Repeat the data below in full. Pictures must not be part of the copy.

------------------------------------------------------------

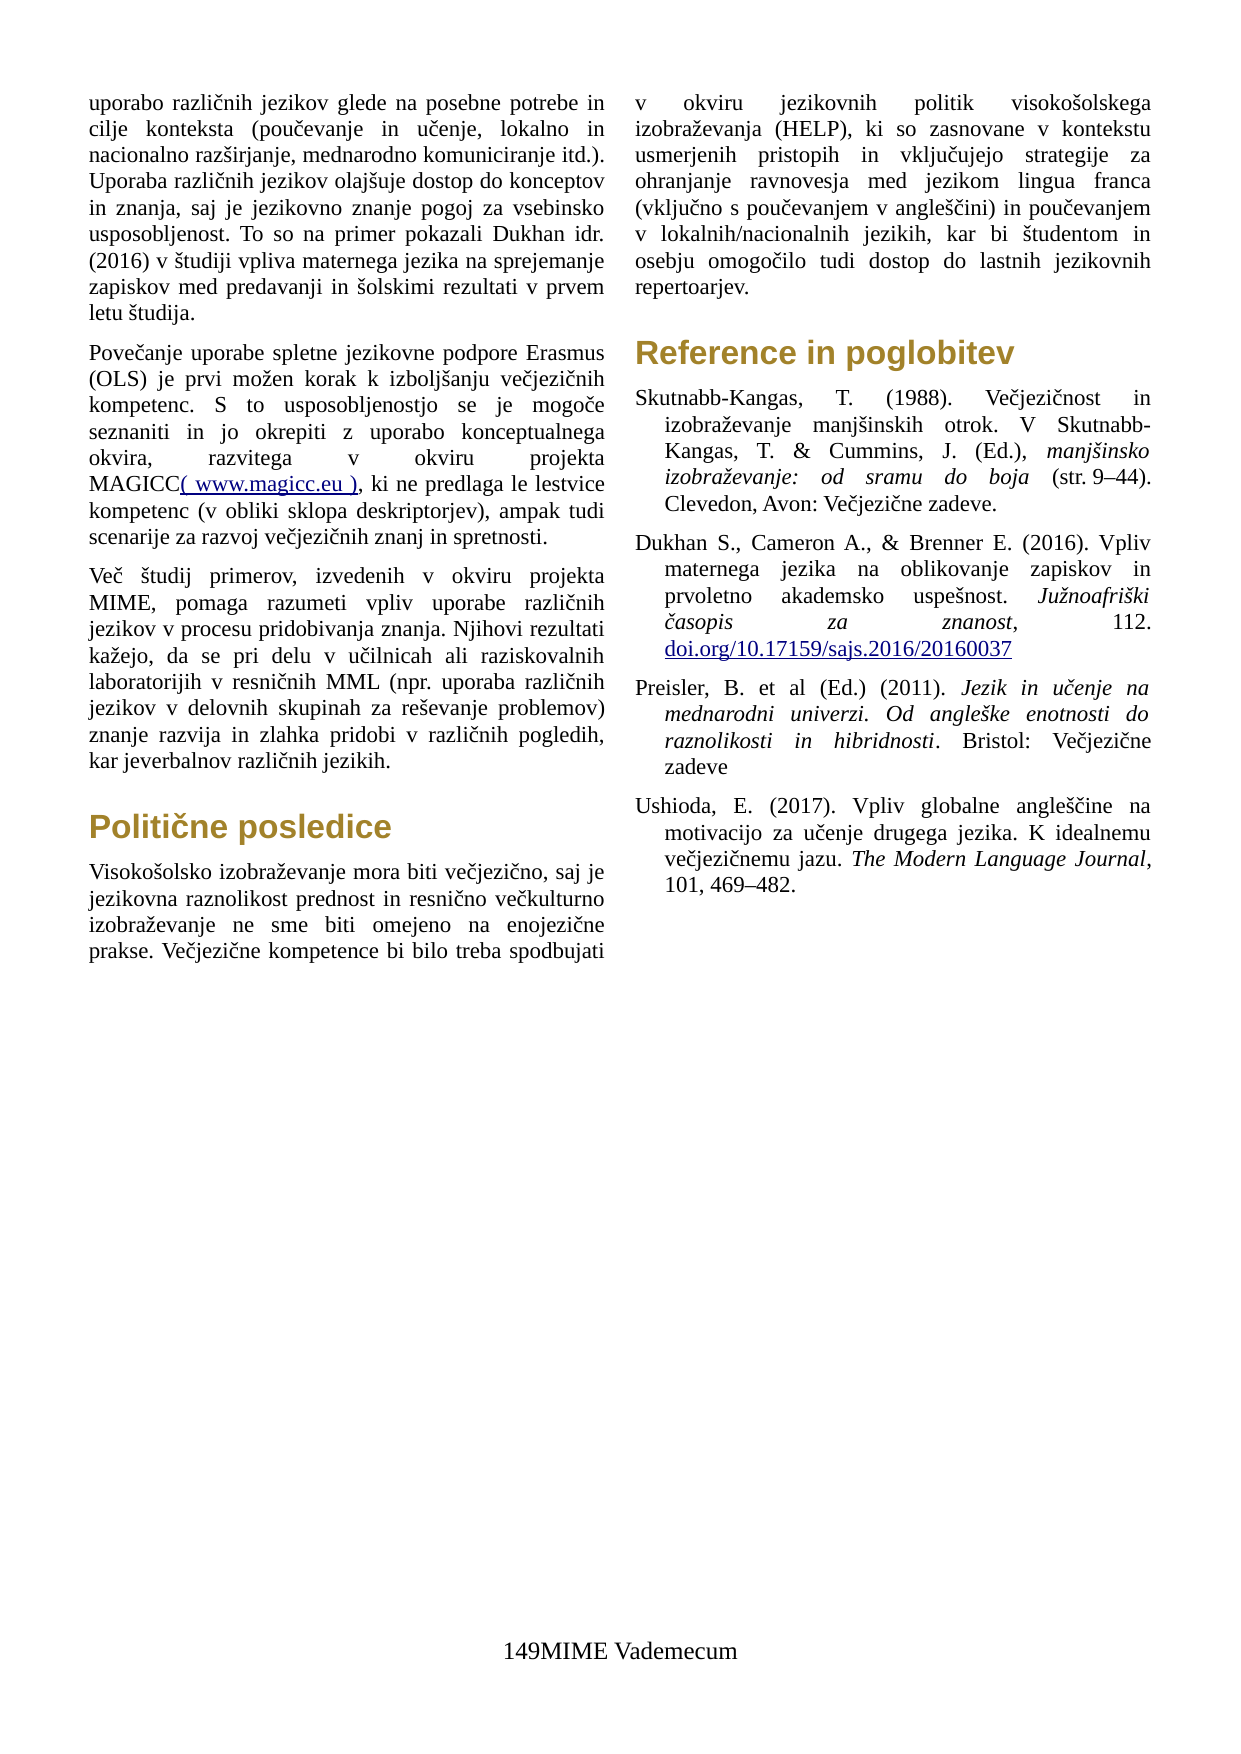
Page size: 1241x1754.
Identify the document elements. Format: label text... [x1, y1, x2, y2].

text Povečanje uporabe spletne jezikovne podpore Erasmus (OLS) je prvi možen korak k izboljšanju večjezičnih kompetenc. S to usposobljenostjo se je mogoče seznaniti in jo okrepiti z uporabo konceptualnega okvira, razvitega v okviru projekta MAGICC( www.magicc.eu ), ki ne predlaga le lestvice kompetenc (v obliki sklopa deskriptorjev), ampak tudi scenarije za razvoj večjezičnih znanj in spretnosti. [88, 339, 605, 549]
text Ushioda, E. (2017). Vpliv globalne angleščine na motivacijo za učenje drugega jezika. K idealnemu večjezičnemu jazu. The Modern Language Journal, 101, 469–482. [635, 792, 1152, 898]
text Skutnabb-Kangas, T. (1988). Večjezičnost in izobraževanje manjšinskih otrok. V Skutnabb-Kangas, T. & Cummins, J. (Ed.), manjšinsko izobraževanje: od sramu do boja (str. 9–44). Clevedon, Avon: Večjezične zadeve. [635, 384, 1152, 516]
subtitle Politične posledice [88, 807, 605, 846]
text v okviru jezikovnih politik visokošolskega izobraževanja (HELP), ki so zasnovane v kontekstu usmerjenih pristopih in vključujejo strategije za ohranjanje ravnovesja med jezikom lingua franca (vključno s poučevanjem v angleščini) in poučevanjem v lokalnih/nacionalnih jezikih, kar bi študentom in osebju omogočilo tudi dostop do lastnih jezikovnih repertoarjev. [635, 88, 1152, 299]
text Dukhan S., Cameron A., & Brenner E. (2016). Vpliv maternega jezika na oblikovanje zapiskov in prvoletno akademsko uspešnost. Južnoafriški časopis za znanost, 112. doi.org/10.17159/sajs.2016/20160037 [635, 529, 1152, 661]
text Preisler, B. et al (Ed.) (2011). Jezik in učenje na mednarodni univerzi. Od angleške enotnosti do raznolikosti in hibridnosti. Bristol: Večjezične zadeve [635, 674, 1152, 779]
text Več študij primerov, izvedenih v okviru projekta MIME, pomaga razumeti vpliv uporabe različnih jezikov v procesu pridobivanja znanja. Njihovi rezultati kažejo, da se pri delu v učilnicah ali raziskovalnih laboratorijih v resničnih MML (npr. uporaba različnih jezikov v delovnih skupinah za reševanje problemov) znanje razvija in zlahka pridobi v različnih pogledih, kar jeverbalnov različnih jezikih. [88, 563, 605, 773]
subtitle Reference in poglobitev [635, 333, 1152, 372]
text Visokošolsko izobraževanje mora biti večjezično, saj je jezikovna raznolikost prednost in resnično večkulturno izobraževanje ne sme biti omejeno na enojezične prakse. Večjezične kompetence bi bilo treba spodbujati [88, 858, 605, 964]
text uporabo različnih jezikov glede na posebne potrebe in cilje konteksta (poučevanje in učenje, lokalno in nacionalno razširjanje, mednarodno komuniciranje itd.). Uporaba različnih jezikov olajšuje dostop do konceptov in znanja, saj je jezikovno znanje pogoj za vsebinsko usposobljenost. To so na primer pokazali Dukhan idr. (2016) v študiji vpliva maternega jezika na sprejemanje zapiskov med predavanji in šolskimi rezultati v prvem letu študija. [88, 88, 605, 326]

------------------------------------------------------------

### [SOLUTION FOR THIS EXERCISE]
Page size: 1241x1754.
Identify the document elements. Format: label text... [x1, y1, x2, y2].

text Povečanje uporabe spletne jezikovne podpore Erasmus (OLS) je prvi možen korak k izboljšanju večjezičnih kompetenc. S to usposobljenostjo se je mogoče seznaniti in jo okrepiti z uporabo konceptualnega okvira, razvitega v okviru projekta MAGICC( www.magicc.eu ), ki ne predlaga le lestvice kompetenc (v obliki sklopa deskriptorjev), ampak tudi scenarije za razvoj večjezičnih znanj in spretnosti. [88, 339, 605, 549]
text Ushioda, E. (2017). Vpliv globalne angleščine na motivacijo za učenje drugega jezika. K idealnemu večjezičnemu jazu. The Modern Language Journal, 101, 469–482. [635, 792, 1152, 898]
text Skutnabb-Kangas, T. (1988). Večjezičnost in izobraževanje manjšinskih otrok. V Skutnabb-Kangas, T. & Cummins, J. (Ed.), manjšinsko izobraževanje: od sramu do boja (str. 9–44). Clevedon, Avon: Večjezične zadeve. [635, 384, 1152, 516]
subtitle Politične posledice [88, 807, 605, 846]
text v okviru jezikovnih politik visokošolskega izobraževanja (HELP), ki so zasnovane v kontekstu usmerjenih pristopih in vključujejo strategije za ohranjanje ravnovesja med jezikom lingua franca (vključno s poučevanjem v angleščini) in poučevanjem v lokalnih/nacionalnih jezikih, kar bi študentom in osebju omogočilo tudi dostop do lastnih jezikovnih repertoarjev. [635, 88, 1152, 299]
text Dukhan S., Cameron A., & Brenner E. (2016). Vpliv maternega jezika na oblikovanje zapiskov in prvoletno akademsko uspešnost. Južnoafriški časopis za znanost, 112. doi.org/10.17159/sajs.2016/20160037 [635, 529, 1152, 661]
text Preisler, B. et al (Ed.) (2011). Jezik in učenje na mednarodni univerzi. Od angleške enotnosti do raznolikosti in hibridnosti. Bristol: Večjezične zadeve [635, 674, 1152, 779]
text Več študij primerov, izvedenih v okviru projekta MIME, pomaga razumeti vpliv uporabe različnih jezikov v procesu pridobivanja znanja. Njihovi rezultati kažejo, da se pri delu v učilnicah ali raziskovalnih laboratorijih v resničnih MML (npr. uporaba različnih jezikov v delovnih skupinah za reševanje problemov) znanje razvija in zlahka pridobi v različnih pogledih, kar jeverbalnov različnih jezikih. [88, 563, 605, 773]
subtitle Reference in poglobitev [635, 333, 1152, 372]
text Visokošolsko izobraževanje mora biti večjezično, saj je jezikovna raznolikost prednost in resnično večkulturno izobraževanje ne sme biti omejeno na enojezične prakse. Večjezične kompetence bi bilo treba spodbujati [88, 858, 605, 964]
text uporabo različnih jezikov glede na posebne potrebe in cilje konteksta (poučevanje in učenje, lokalno in nacionalno razširjanje, mednarodno komuniciranje itd.). Uporaba različnih jezikov olajšuje dostop do konceptov in znanja, saj je jezikovno znanje pogoj za vsebinsko usposobljenost. To so na primer pokazali Dukhan idr. (2016) v študiji vpliva maternega jezika na sprejemanje zapiskov med predavanji in šolskimi rezultati v prvem letu študija. [88, 88, 605, 326]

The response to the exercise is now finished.